Geographically, Frank and his followers relocated from the Ottoman Empire (Salonika) to Poland to Moravia (Bruenn, today Brno, Czech Republic), and finally to Germany (Offenbach near Frankfurt).
Spiritually, the man and his retinue, though born observant Jews, re-invented themselves, first as Muslims, and later as Polish Catholics (with a brief dalliance with Russian Orthodoxy along the way).
As for the linguistic shifts, they are reflected acutely in the metamorphoses undergone by “Nahman’s Prayer,” the theme song of this entire mammoth creation. (Besides purely linguistic shifts from Hebrew to Turkish to Polish to German to French, the prayer shapeshifts whereby, as in the game of “Telephone,” the content itself is subject to permutation.)[2]
Who is Nahman and what is so quintessential about his prayer?
Nahman ben Samuel Levi of Busk was one of Frank’s first and most devoted followers. After his conversion to Catholicism, he assumed the name “Piotr Jakubowski” (paying homage to his master Jakob Frank).

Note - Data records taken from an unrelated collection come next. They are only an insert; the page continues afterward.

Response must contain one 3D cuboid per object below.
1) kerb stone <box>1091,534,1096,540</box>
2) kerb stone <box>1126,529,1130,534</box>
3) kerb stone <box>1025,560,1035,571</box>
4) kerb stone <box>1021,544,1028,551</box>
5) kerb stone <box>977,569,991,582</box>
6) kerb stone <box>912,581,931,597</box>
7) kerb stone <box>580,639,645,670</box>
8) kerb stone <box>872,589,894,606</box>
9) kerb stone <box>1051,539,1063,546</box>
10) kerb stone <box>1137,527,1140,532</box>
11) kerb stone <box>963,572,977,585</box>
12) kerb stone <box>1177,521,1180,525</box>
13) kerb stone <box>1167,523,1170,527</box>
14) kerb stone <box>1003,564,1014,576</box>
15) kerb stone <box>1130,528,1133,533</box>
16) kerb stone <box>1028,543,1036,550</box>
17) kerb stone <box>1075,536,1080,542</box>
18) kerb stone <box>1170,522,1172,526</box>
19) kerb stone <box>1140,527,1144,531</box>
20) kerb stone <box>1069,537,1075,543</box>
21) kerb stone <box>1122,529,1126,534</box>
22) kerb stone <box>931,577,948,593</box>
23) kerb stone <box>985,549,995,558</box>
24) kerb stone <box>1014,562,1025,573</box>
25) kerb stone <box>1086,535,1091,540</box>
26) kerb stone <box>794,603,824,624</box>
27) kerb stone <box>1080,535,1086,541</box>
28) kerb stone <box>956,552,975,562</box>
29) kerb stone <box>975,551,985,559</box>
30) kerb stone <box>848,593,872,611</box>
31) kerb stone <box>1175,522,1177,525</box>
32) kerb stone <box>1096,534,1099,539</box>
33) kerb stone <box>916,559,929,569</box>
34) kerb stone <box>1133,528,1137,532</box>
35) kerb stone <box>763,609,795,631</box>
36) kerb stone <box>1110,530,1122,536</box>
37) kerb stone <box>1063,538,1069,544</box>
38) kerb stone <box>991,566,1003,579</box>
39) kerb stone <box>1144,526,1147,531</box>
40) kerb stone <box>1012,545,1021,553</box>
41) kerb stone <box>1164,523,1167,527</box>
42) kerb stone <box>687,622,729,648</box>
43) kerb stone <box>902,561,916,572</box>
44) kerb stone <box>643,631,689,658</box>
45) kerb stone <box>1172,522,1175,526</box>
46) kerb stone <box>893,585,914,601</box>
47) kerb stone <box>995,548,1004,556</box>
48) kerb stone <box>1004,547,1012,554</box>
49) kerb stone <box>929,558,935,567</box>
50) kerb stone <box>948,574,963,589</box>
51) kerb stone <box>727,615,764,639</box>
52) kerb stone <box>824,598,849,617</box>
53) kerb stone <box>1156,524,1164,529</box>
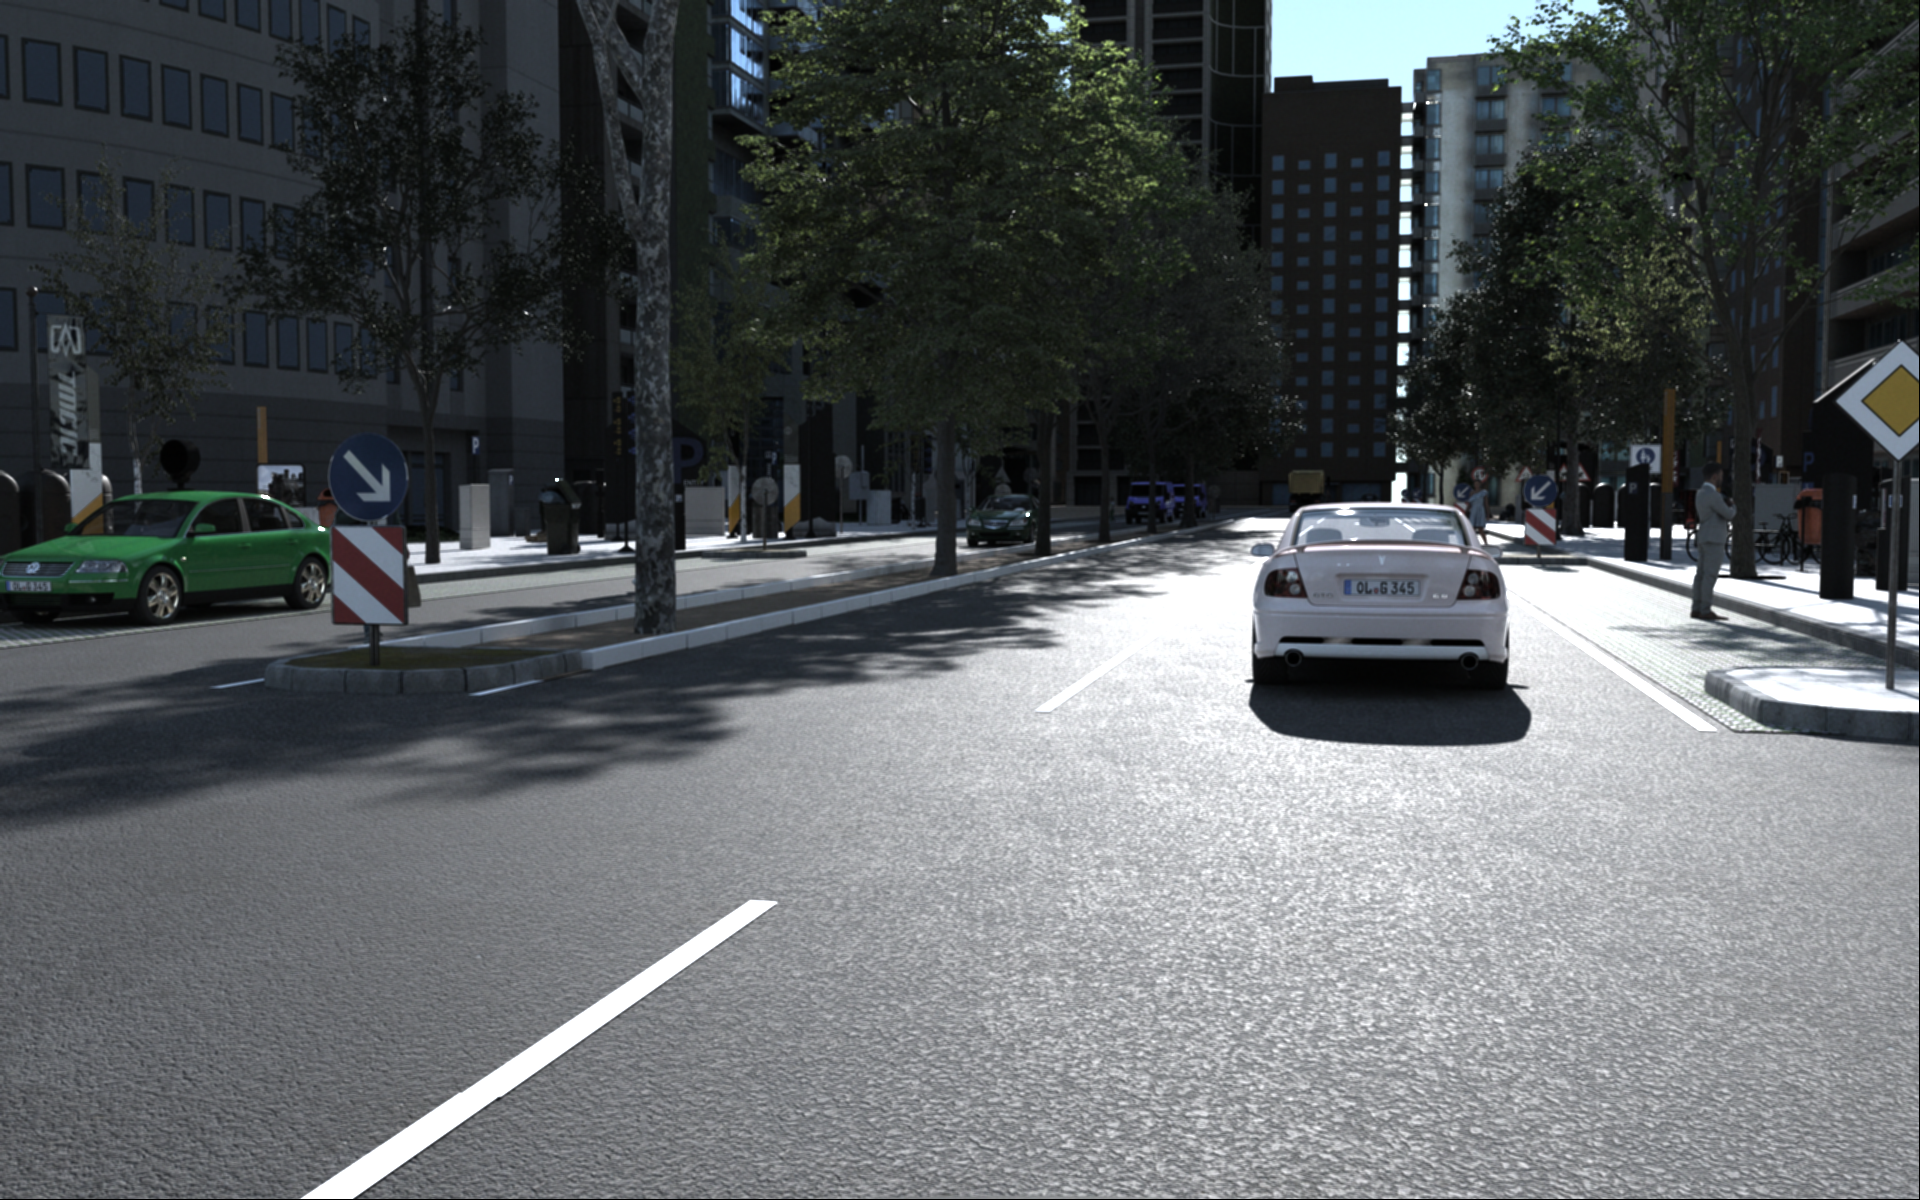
[{"bbox_3d":[4.028,-1.947,54.021,0.120,0.150,1.000,1,4,13],"label":"kerb stone"},{"bbox_3d":[5.870,-2.436,62.017,0.120,0.150,1.000,1,4,13],"label":"kerb stone"},{"bbox_3d":[1.217,-0.633,32.538,0.120,0.150,1.000,1,4,13],"label":"kerb stone"},{"bbox_3d":[1.486,-1.274,43.040,0.120,0.150,1.000,1,4,13],"label":"kerb stone"},{"bbox_3d":[0.301,-0.388,28.536,0.120,0.150,1.000,1,4,13],"label":"kerb stone"},{"bbox_3d":[-0.625,-0.143,24.534,0.120,0.150,1.000,1,4,13],"label":"kerb stone"},{"bbox_3d":[-2.928,0.467,14.562,0.120,0.150,1.000,1,4,13],"label":"kerb stone"},{"bbox_3d":[-1.084,-0.020,22.542,0.120,0.150,1.000,1,4,13],"label":"kerb stone"},{"bbox_3d":[2.639,-1.580,48.027,0.120,0.150,1.000,1,4,13],"label":"kerb stone"},{"bbox_3d":[6.554,-2.616,65.014,0.120,0.150,1.000,1,4,13],"label":"kerb stone"},{"bbox_3d":[0.064,-0.327,27.541,0.120,0.150,1.000,1,4,13],"label":"kerb stone"},{"bbox_3d":[9.789,-3.471,79.014,0.120,0.150,1.000,1,4,13],"label":"kerb stone"},{"bbox_3d":[8.868,-3.229,74.997,0.120,0.150,1.000,1,4,13],"label":"kerb stone"},{"bbox_3d":[0.756,-0.510,30.538,0.120,0.150,1.000,1,4,13],"label":"kerb stone"},{"bbox_3d":[6.092,-2.497,63.015,0.120,0.150,1.000,1,4,13],"label":"kerb stone"},{"bbox_3d":[1.717,-1.335,44.035,0.120,0.150,1.000,1,4,13],"label":"kerb stone"},{"bbox_3d":[3.335,-1.764,51.034,0.120,0.150,1.000,1,4,13],"label":"kerb stone"},{"bbox_3d":[9.092,-3.291,76.007,0.120,0.150,1.000,1,4,13],"label":"kerb stone"},{"bbox_3d":[6.787,-2.680,66.017,0.120,0.150,1.000,1,4,13],"label":"kerb stone"},{"bbox_3d":[3.103,-1.703,50.038,0.120,0.150,1.000,1,4,13],"label":"kerb stone"},{"bbox_3d":[5.625,-2.372,61.023,0.120,0.150,1.000,1,4,13],"label":"kerb stone"},{"bbox_3d":[-0.395,-0.204,25.531,0.120,0.150,1.000,1,4,13],"label":"kerb stone"},{"bbox_3d":[0.561,-1.030,39.045,0.120,0.150,1.000,1,4,13],"label":"kerb stone"},{"bbox_3d":[0.984,-0.572,31.542,0.120,0.150,1.000,1,4,13],"label":"kerb stone"},{"bbox_3d":[3.796,-1.885,53.026,0.120,0.150,1.000,1,4,13],"label":"kerb stone"},{"bbox_3d":[-1.773,0.162,19.546,0.120,0.150,1.000,1,4,13],"label":"kerb stone"},{"bbox_3d":[3.563,-1.822,52.030,0.120,0.150,1.000,1,4,13],"label":"kerb stone"},{"bbox_3d":[0.109,-0.908,37.051,0.120,0.150,1.000,1,4,13],"label":"kerb stone"},{"bbox_3d":[0.332,-0.970,38.048,0.120,0.150,1.000,1,4,13],"label":"kerb stone"},{"bbox_3d":[-1.316,0.040,21.546,0.120,0.150,1.000,1,4,13],"label":"kerb stone"},{"bbox_3d":[9.572,-3.414,78.014,0.120,0.150,1.000,1,4,13],"label":"kerb stone"},{"bbox_3d":[4.254,-2.008,55.018,0.120,0.150,1.000,1,4,13],"label":"kerb stone"},{"bbox_3d":[-0.816,-0.660,33.043,0.120,0.150,1.000,1,4,13],"label":"kerb stone"},{"bbox_3d":[6.323,-2.558,64.011,0.120,0.150,1.000,1,4,13],"label":"kerb stone"},{"bbox_3d":[-2.013,0.223,18.549,0.120,0.150,1.000,1,4,13],"label":"kerb stone"},{"bbox_3d":[5.403,-2.313,60.017,0.120,0.150,1.000,1,4,13],"label":"kerb stone"},{"bbox_3d":[2.873,-1.638,49.029,0.120,0.150,1.000,1,4,13],"label":"kerb stone"},{"bbox_3d":[0.528,-0.446,29.542,0.120,0.150,1.000,1,4,13],"label":"kerb stone"},{"bbox_3d":[7.019,-2.741,67.012,0.120,0.150,1.000,1,4,13],"label":"kerb stone"},{"bbox_3d":[1.255,-1.214,42.044,0.120,0.150,1.000,1,4,13],"label":"kerb stone"},{"bbox_3d":[8.632,-3.168,73.990,0.120,0.150,1.000,1,4,13],"label":"kerb stone"},{"bbox_3d":[-2.466,0.350,16.555,0.120,0.150,1.000,1,4,13],"label":"kerb stone"},{"bbox_3d":[-1.053,-0.601,32.047,0.120,0.150,1.000,1,4,13],"label":"kerb stone"},{"bbox_3d":[-2.705,0.408,15.560,0.120,0.150,1.000,1,4,13],"label":"kerb stone"},{"bbox_3d":[9.328,-3.353,77.021,0.120,0.150,1.000,1,4,13],"label":"kerb stone"},{"bbox_3d":[-0.850,-0.082,23.537,0.120,0.150,1.000,1,4,13],"label":"kerb stone"},{"bbox_3d":[0.790,-1.091,40.041,0.120,0.150,1.000,1,4,13],"label":"kerb stone"},{"bbox_3d":[1.021,-1.152,41.039,0.120,0.150,1.000,1,4,13],"label":"kerb stone"},{"bbox_3d":[-0.580,-0.725,34.047,0.120,0.150,1.000,1,4,13],"label":"kerb stone"},{"bbox_3d":[-0.164,-0.265,26.536,0.120,0.150,1.000,1,4,13],"label":"kerb stone"},{"bbox_3d":[-2.237,0.284,17.552,0.120,0.150,1.000,1,4,13],"label":"kerb stone"},{"bbox_3d":[-1.543,0.102,20.550,0.120,0.150,1.000,1,4,13],"label":"kerb stone"},{"bbox_3d":[8.397,-3.107,72.994,0.120,0.150,1.000,1,4,13],"label":"kerb stone"}]

Tocarczuk has cast Nahman as the chronicler of the Frankist movement.
Nahman’s Prayer may best be summed up as the song of the soul. In all of its versions and transformations, the prayer expresses the soul’s yearning for freedom; for release from all the restrictions imposed by society and the dictates of its conventions, etiquette and mores. By its lofty nature, the soul transcends far above these lowly, loathsome limitations.
One may be left wondering how is it that the prayer does not end on this note of spiritual anarchy, but in an abrupt volte face implores the divinity for the words to express “the truth of You.” First suffocated by the limitations of language, the soul doubles back, seeking precisely—words. What is one to make of this glaring non sequitur?
As Nahman tells it, in his youth he was entrusted by his mentor, Mordechai Margalit of Prague (supposedly a disciple of Rabbi Jonatan Eibeschuetz) with “a very old prayer, the author of which cannot now be known, and which soon became the expression of my own voice. It went like this:
My soul
will not let itself be locked in any prison,
iron cage or cage made out of air.
My soul wants to be like a ship in the sky,
and the body’s boundaries cannot hold it back.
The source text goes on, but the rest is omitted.